Schemes involving the private sector: As part of renewable energy policy, the government wants to increase ethanol content in petrol from around 8 per cent now to 20 per cent by 2025 (which is indeed overambiti­ous). Since ethanol is derived from sugar and grain, this scheme ensures the off-take of ethanol at very remunerati­ve prices and could have multiple benefits. For the sugar industry, it may reduce business volatility and ensure steady profits; for the farmers, it may ensure prompt payments from sugar mills, which, in turn, could improve performanc­e, and the government could achieve a cut in crude oil imports and pollution. The ethanol-blending plan includes ethanol from damaged food grains as well, potentiall­y creating a separate chain of benefits. A third leg of the bioenergy policy— compressed biogas from agricultur­al residue — is at an experiment­al stage now, but has similar potential. While PLI is new, the biofuels policy, which has been around since 2018, has been put on steroids now.

As I said, some parts of these policies will fail, but hopefully they signify a change in the right direction. Businessme­n say this is reflected in their dealings with the government. While the prime minister had ignored the private sector (for job creation) for six years, he is openly supportive today. “The culture of abusing the private sector no longer accepted,” (not sure who was abusing whom), he had said, although the public humiliatio­n of the Tatas and Infosys contradict­s this. “Can babus do everything? What type of capability have we acquired by handing over the country to babus,” he had asked, sparking hopes of changed thinking.

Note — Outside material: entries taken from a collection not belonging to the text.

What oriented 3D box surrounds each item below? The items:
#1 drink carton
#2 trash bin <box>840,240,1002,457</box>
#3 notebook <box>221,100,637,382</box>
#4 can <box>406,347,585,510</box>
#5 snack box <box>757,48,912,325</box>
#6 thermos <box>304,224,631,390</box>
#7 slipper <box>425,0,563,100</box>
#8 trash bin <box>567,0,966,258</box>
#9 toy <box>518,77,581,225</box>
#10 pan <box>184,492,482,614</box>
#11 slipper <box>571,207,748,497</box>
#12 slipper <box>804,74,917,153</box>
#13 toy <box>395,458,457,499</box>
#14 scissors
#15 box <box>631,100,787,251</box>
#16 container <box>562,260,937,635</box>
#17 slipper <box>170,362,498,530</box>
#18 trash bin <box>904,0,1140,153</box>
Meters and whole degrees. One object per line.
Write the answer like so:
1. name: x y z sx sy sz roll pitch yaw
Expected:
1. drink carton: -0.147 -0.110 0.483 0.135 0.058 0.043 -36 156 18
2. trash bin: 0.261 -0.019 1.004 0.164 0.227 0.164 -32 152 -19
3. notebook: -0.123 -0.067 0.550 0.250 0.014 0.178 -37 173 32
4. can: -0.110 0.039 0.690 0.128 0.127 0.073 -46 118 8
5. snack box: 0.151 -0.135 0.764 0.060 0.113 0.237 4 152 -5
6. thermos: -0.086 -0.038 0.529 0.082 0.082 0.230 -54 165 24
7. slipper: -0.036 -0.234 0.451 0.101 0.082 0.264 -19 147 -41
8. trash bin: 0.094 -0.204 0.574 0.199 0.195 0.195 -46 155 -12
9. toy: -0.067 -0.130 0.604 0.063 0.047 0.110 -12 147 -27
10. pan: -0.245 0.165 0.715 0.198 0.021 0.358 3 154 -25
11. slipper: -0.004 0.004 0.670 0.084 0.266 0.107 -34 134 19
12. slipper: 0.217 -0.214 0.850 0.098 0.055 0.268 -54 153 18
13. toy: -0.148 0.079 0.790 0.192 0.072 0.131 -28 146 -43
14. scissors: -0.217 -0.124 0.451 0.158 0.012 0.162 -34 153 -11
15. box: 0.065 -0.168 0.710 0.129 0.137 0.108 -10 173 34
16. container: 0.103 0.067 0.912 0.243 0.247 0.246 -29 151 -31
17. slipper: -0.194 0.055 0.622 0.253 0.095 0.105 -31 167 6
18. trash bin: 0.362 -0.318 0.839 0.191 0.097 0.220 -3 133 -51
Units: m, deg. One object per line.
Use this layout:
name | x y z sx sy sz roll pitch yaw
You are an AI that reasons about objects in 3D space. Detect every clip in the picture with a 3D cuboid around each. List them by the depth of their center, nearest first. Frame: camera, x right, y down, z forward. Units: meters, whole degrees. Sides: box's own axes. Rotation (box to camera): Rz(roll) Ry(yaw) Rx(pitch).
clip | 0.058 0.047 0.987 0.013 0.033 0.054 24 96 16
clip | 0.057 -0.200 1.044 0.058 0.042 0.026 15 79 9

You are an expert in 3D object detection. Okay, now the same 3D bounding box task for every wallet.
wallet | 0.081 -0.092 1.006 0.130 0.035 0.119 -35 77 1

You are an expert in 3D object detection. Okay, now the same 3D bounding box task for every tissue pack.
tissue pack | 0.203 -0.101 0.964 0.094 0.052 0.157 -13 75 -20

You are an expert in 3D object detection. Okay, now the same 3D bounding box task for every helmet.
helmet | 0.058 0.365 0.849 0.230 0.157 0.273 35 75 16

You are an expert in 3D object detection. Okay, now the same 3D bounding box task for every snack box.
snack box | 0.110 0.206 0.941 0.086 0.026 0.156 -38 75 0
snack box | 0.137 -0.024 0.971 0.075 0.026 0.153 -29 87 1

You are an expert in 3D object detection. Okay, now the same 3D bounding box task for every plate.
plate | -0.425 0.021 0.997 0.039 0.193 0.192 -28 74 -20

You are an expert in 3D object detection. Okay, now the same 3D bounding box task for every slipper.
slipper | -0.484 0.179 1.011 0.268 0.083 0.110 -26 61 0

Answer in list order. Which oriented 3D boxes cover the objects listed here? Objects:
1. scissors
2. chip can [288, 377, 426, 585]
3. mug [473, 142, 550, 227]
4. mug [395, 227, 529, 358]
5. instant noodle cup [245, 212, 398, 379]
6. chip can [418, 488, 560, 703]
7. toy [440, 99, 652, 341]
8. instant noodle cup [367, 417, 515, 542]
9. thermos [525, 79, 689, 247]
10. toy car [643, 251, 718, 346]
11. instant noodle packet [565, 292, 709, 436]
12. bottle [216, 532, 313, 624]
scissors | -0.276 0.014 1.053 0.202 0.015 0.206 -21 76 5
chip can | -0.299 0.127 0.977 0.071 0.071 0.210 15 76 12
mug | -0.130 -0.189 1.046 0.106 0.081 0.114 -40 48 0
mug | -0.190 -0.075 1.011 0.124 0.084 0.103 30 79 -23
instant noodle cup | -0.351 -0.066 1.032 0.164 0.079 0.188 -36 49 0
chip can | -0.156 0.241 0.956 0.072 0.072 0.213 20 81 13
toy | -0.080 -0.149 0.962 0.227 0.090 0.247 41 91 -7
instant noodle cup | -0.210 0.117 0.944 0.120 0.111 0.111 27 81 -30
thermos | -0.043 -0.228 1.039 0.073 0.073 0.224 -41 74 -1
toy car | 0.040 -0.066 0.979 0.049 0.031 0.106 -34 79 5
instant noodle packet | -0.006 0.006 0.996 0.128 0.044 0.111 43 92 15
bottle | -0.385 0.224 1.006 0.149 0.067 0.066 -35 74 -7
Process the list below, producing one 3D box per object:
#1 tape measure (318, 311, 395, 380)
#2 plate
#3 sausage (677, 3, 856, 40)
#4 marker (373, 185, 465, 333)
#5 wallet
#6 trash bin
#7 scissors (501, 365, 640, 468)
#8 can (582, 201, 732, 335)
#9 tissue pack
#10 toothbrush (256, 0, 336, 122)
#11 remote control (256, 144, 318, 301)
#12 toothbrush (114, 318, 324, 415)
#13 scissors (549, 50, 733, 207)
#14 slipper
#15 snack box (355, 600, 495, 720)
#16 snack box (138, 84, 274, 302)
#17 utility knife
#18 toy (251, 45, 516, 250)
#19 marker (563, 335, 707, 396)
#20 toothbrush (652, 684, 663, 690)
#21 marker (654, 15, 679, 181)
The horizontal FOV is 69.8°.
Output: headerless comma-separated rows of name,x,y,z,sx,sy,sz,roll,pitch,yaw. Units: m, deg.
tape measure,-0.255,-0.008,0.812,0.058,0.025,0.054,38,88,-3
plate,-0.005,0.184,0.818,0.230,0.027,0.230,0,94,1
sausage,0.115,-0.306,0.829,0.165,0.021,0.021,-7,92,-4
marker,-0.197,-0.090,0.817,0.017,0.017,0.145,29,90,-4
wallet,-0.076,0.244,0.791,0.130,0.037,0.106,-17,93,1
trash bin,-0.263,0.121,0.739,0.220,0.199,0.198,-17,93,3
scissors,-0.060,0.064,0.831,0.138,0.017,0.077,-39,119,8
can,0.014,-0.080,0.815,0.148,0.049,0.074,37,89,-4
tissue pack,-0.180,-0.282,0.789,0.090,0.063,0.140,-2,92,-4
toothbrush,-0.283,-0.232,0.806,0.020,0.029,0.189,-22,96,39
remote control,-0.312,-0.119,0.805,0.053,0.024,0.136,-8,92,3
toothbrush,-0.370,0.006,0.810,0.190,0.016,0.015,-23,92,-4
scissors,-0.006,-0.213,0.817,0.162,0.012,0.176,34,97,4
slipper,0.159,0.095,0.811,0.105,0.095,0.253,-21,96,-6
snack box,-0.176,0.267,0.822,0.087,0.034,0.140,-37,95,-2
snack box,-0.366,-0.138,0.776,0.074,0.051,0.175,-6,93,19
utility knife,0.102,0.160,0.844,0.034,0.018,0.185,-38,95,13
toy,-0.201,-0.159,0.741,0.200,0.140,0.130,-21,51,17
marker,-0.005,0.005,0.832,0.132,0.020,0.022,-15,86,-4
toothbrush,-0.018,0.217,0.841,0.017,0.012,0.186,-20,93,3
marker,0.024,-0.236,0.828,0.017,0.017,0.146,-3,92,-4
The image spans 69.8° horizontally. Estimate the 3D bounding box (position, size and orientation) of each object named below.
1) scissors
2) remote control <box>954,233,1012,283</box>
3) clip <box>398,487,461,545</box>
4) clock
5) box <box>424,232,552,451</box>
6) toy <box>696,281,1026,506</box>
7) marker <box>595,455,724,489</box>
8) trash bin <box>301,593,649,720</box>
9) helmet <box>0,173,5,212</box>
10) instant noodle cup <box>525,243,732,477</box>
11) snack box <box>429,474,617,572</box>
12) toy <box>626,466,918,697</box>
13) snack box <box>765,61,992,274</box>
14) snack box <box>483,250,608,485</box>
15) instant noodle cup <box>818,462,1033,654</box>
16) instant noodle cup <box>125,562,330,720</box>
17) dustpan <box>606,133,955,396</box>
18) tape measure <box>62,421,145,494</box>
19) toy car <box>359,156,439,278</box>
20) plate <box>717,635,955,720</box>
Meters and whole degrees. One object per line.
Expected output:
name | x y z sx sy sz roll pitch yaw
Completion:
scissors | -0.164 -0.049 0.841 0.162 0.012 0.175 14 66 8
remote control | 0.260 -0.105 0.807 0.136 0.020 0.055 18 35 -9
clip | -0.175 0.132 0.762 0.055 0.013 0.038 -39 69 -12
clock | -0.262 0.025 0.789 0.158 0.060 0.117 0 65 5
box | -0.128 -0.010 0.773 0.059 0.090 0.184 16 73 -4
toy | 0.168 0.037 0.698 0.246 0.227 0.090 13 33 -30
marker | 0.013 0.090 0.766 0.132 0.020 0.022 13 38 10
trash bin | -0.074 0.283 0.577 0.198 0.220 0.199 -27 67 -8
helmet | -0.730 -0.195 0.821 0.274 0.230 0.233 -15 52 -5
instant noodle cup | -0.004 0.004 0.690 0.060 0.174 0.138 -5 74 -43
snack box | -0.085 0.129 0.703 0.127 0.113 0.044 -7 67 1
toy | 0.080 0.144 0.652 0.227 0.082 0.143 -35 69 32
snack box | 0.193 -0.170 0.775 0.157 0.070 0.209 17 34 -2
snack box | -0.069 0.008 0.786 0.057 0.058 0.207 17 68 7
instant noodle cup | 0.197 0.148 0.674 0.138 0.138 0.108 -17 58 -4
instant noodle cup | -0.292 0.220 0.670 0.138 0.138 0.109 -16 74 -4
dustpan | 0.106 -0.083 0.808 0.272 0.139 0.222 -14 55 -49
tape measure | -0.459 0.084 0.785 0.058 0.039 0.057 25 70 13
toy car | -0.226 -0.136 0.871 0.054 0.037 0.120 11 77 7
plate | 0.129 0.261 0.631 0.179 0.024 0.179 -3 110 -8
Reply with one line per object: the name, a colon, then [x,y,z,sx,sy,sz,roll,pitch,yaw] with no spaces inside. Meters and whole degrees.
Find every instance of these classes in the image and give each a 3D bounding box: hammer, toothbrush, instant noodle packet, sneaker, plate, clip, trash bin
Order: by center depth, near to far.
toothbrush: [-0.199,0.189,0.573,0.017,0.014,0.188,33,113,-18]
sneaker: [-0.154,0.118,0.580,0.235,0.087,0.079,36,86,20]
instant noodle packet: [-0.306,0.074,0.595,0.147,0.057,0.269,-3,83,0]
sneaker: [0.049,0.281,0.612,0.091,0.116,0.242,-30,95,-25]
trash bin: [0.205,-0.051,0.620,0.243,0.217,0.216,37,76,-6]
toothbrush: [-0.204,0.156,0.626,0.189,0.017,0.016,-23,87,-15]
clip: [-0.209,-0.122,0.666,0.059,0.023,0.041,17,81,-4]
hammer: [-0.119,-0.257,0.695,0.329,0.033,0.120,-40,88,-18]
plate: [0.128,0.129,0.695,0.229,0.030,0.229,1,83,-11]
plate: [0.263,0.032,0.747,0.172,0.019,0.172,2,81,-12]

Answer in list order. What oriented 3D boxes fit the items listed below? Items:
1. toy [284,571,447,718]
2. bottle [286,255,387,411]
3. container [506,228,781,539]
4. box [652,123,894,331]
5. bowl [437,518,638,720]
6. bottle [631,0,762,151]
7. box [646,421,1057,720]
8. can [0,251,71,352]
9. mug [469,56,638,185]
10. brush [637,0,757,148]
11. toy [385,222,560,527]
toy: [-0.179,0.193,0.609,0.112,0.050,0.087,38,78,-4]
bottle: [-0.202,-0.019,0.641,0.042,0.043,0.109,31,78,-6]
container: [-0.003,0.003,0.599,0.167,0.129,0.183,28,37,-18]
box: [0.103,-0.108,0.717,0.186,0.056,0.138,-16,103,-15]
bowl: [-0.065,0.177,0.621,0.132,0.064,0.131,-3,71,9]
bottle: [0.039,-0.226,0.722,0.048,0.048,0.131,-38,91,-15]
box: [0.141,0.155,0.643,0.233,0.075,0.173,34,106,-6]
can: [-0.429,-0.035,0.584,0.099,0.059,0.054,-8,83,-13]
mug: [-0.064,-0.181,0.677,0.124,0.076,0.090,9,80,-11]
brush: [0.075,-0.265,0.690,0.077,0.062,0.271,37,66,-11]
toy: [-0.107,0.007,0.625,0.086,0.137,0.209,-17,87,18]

Let me repeat, we are seeing only a change of direction. Inefficien­t government is everywhere, sucking the blood out of economic life. There is no reform of the public sector while corruption and lack of accountabi­lity of public sector banks remain unchanged. The telecom settlement happened because there was no way out and the Cairn settlement happened because of the internatio­nal embarrassm­ent of an attachment order. We have a long way to go before the enterprise system is allowed to function fairly but perhaps we have at least changed our direction, at least partially.